Through visiting numerous affiliated congregations (more than 60 at last count), making public appearances in person and online, and in writing for the Forward, The Times of Israel, The Philadelphia Inquirer, HuffPost, Jewish Telegraphic Agency, and other news and academic outlets, Rabbi Waxman projects a vision of Judaism that embraces all people and inspires Jews to be strong allies to the most vulnerable among us.

Since Rabbi Waxman has assumed her leadership role, Reconstructing Judaism has undertaken major initiatives, including reimagining its rabbinical college’s curriculum, building even stronger relationships with affiliated congregational leadership, innovating Judaism for the 21st century, and bolstering the organization’s ties to Israel. Most recently, Reconstructing Judaism hosted the largest convention in the movement’s history, and launched an online project, Evolve, which enables substantive Jewish learning, nuanced models, and respectful discussion, and serves as an incubator for ideas that can positively transform Jewish life. Rabbi Waxman is the creator and host of Hashivenu, a popular podcast about resilience and Judaism

Since 2002, Rabbi Waxman has taught courses at the Reconstructionist Rabbinical College on Jewish thought and practical rabbinics. She is the Aaron and Marjorie Ziegelman Presidential Professor.

Waxman is a cum laude graduate of Columbia College, Columbia University, and graduated from the Reconstructionist Rabbinical College. She earned a PhD in American Jewish history from Temple University.

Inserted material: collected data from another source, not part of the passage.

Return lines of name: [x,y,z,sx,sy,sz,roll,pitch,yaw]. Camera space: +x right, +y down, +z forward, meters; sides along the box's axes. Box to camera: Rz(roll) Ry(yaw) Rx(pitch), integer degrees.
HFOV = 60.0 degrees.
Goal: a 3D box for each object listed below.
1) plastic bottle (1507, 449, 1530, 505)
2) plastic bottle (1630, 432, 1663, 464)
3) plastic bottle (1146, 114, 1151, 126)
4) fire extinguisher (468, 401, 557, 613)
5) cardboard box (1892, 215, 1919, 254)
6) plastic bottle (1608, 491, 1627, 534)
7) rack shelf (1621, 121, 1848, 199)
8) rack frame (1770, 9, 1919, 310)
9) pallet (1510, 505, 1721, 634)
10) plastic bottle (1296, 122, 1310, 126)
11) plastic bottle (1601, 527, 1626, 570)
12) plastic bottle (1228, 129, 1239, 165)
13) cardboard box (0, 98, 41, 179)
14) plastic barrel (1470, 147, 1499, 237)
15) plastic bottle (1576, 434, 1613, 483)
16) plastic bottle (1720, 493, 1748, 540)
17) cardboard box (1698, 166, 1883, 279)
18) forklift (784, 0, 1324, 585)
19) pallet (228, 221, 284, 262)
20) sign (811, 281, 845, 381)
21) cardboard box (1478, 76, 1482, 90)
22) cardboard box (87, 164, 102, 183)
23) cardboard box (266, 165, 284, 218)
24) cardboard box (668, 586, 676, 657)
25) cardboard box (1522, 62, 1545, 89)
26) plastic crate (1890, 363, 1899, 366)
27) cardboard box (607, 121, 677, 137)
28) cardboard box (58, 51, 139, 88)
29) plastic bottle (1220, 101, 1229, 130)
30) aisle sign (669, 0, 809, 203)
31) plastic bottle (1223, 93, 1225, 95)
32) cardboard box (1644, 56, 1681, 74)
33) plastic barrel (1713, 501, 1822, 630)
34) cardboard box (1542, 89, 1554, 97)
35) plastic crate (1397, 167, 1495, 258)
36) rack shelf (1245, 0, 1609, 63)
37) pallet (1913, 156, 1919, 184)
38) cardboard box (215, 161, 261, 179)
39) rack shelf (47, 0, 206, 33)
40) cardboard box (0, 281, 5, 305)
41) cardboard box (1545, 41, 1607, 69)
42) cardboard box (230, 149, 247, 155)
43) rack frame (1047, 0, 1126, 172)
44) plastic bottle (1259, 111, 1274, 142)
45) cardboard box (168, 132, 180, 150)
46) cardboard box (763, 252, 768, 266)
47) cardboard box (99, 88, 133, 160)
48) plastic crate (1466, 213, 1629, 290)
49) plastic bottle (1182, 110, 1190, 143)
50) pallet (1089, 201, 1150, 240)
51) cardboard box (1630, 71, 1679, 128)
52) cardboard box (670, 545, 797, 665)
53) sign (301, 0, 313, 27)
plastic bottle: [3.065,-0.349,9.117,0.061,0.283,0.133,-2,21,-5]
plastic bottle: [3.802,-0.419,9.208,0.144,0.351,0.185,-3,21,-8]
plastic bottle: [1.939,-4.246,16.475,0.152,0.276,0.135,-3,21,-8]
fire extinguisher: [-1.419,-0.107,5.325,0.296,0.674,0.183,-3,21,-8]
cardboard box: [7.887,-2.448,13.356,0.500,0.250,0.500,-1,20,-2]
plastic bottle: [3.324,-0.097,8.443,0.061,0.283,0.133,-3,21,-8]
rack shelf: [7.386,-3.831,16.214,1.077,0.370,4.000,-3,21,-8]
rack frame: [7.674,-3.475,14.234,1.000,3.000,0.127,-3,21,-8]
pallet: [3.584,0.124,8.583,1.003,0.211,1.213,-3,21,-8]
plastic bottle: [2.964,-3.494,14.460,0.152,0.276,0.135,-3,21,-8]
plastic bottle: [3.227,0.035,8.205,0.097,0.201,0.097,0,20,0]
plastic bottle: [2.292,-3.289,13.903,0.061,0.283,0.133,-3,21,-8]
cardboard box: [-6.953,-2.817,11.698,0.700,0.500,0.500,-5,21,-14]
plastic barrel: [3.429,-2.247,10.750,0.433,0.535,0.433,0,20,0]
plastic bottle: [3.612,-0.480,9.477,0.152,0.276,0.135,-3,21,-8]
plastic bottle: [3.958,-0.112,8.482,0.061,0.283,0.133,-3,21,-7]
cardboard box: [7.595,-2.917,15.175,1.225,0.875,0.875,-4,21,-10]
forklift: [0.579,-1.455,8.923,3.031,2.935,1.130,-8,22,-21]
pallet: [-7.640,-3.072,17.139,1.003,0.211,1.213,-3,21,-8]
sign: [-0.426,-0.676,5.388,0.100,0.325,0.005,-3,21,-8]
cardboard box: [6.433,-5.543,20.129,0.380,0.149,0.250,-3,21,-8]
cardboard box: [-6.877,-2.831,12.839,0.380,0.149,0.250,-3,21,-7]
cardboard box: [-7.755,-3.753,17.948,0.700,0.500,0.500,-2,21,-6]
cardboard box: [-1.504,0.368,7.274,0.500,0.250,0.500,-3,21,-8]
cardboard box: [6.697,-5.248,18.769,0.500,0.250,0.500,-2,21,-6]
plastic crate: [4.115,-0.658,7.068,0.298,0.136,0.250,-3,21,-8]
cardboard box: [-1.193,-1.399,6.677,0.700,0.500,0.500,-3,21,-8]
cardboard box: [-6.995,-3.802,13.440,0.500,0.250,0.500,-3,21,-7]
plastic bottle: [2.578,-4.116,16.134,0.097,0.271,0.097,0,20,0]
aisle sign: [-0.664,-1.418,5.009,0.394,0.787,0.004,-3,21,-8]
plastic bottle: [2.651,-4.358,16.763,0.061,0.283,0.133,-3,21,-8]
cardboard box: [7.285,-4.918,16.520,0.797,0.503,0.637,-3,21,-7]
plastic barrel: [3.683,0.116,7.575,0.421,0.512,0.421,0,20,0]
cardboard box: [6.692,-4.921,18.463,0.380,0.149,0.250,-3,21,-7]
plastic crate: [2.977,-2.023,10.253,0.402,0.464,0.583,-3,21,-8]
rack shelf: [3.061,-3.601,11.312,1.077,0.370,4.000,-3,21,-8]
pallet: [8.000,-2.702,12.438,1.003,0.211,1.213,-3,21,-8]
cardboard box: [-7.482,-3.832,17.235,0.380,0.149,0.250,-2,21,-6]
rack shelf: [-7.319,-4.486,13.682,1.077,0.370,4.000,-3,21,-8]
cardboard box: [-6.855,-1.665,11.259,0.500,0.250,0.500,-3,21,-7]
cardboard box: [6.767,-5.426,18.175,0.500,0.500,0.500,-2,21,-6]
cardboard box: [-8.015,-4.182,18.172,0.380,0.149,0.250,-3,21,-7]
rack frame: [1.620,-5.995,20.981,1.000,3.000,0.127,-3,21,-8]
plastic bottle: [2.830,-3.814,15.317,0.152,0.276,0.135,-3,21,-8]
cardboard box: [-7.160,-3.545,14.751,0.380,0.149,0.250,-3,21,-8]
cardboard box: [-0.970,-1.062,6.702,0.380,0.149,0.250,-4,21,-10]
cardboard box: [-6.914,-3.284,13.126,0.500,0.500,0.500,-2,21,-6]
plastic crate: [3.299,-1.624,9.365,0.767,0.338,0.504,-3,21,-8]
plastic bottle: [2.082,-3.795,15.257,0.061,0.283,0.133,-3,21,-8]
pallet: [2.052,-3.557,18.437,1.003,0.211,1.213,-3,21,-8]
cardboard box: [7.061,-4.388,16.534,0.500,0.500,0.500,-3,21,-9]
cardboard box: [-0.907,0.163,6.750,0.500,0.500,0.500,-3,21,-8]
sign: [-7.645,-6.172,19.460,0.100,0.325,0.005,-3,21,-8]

In 2016, Rabbi Waxman was named to the annual “Forward 50” list of most influential Jews by the Forward, a pre-eminent American Jewish publication. In naming her to this list, the Forward remarked: “In the long communal conversation over how to relate to Jews who marry non-Jews, those in the ‘be welcoming’ camp won a major battle this year, thanks in large part to Rabbi Deborah Waxman.”

 

October 6 Opening Remarks

Sanjana Ravi, PhD, MPH

Dr. Sanjana Ravi is a Senior Analyst at the Johns Hopkins Center for Health Security and a Senior Research Associate in the Department of Environmental Health and Engineering at the Johns Hopkins Bloomberg School of Public Health. Her primary research interests include infectious disease outbreaks, vaccine policy, health systems strengthening efforts in low- and middle-income settings, and the intersections between health, security, and human rights.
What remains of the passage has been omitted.